# Records for this exercise
================

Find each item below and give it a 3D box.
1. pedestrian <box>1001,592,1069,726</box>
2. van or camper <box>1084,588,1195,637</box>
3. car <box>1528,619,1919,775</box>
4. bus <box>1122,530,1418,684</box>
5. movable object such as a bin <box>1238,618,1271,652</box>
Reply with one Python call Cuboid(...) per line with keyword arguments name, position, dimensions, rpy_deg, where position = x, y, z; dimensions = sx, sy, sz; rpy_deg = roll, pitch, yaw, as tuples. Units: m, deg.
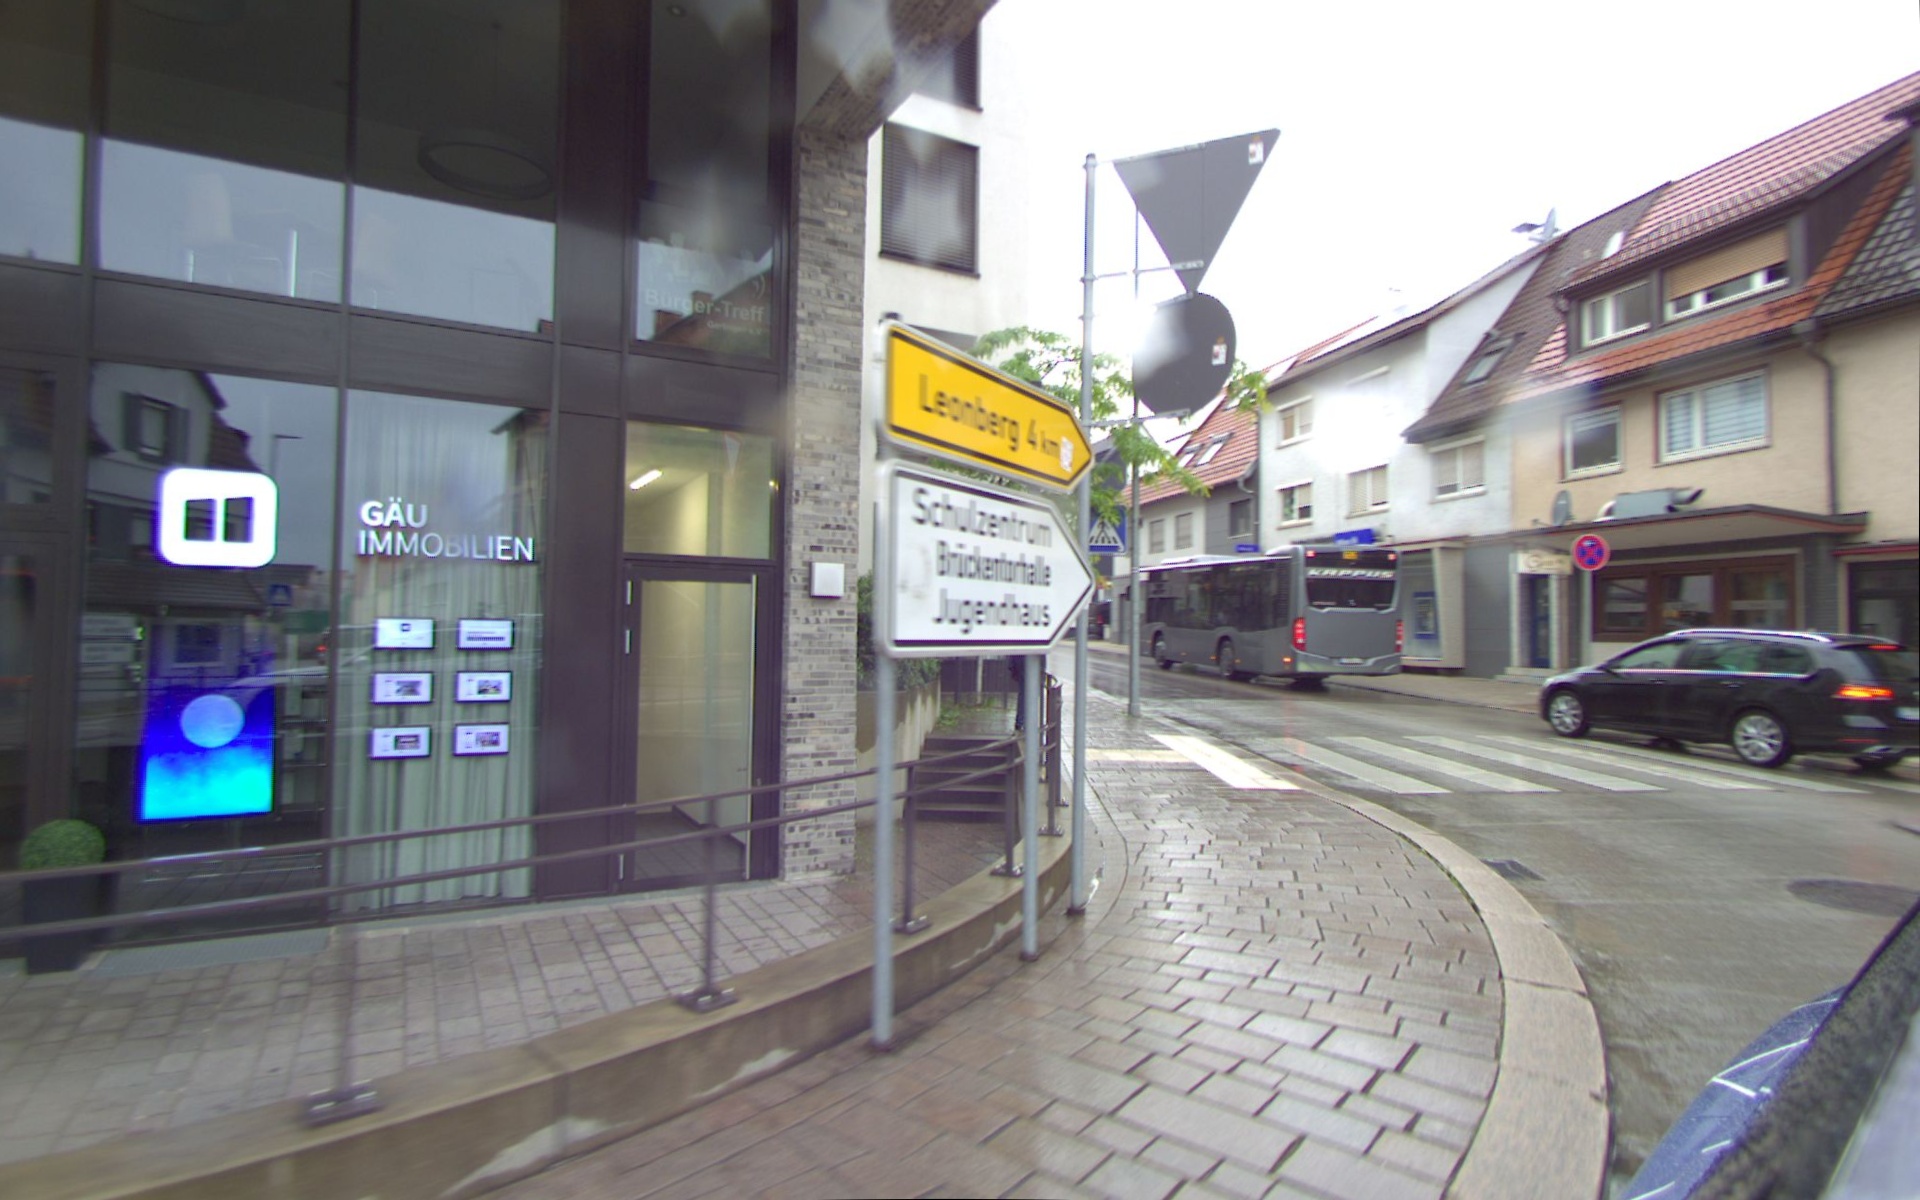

================

# Work instructions
Copy the material above in full and exactly, skipping pictures.

# Solution
Find each item below and give it a 3D box.
1. pedestrian <box>1001,592,1069,726</box>
2. van or camper <box>1084,588,1195,637</box>
3. car <box>1528,619,1919,775</box>
4. bus <box>1122,530,1418,684</box>
5. movable object such as a bin <box>1238,618,1271,652</box>
Reply with one Python call Cuboid(...) per line with keyword arguments name, position, dimensions, rpy_deg, where position = x, y, z; dimensions = sx, sy, sz; rpy_deg = roll, pitch, yaw, as tuples. Units: m, deg.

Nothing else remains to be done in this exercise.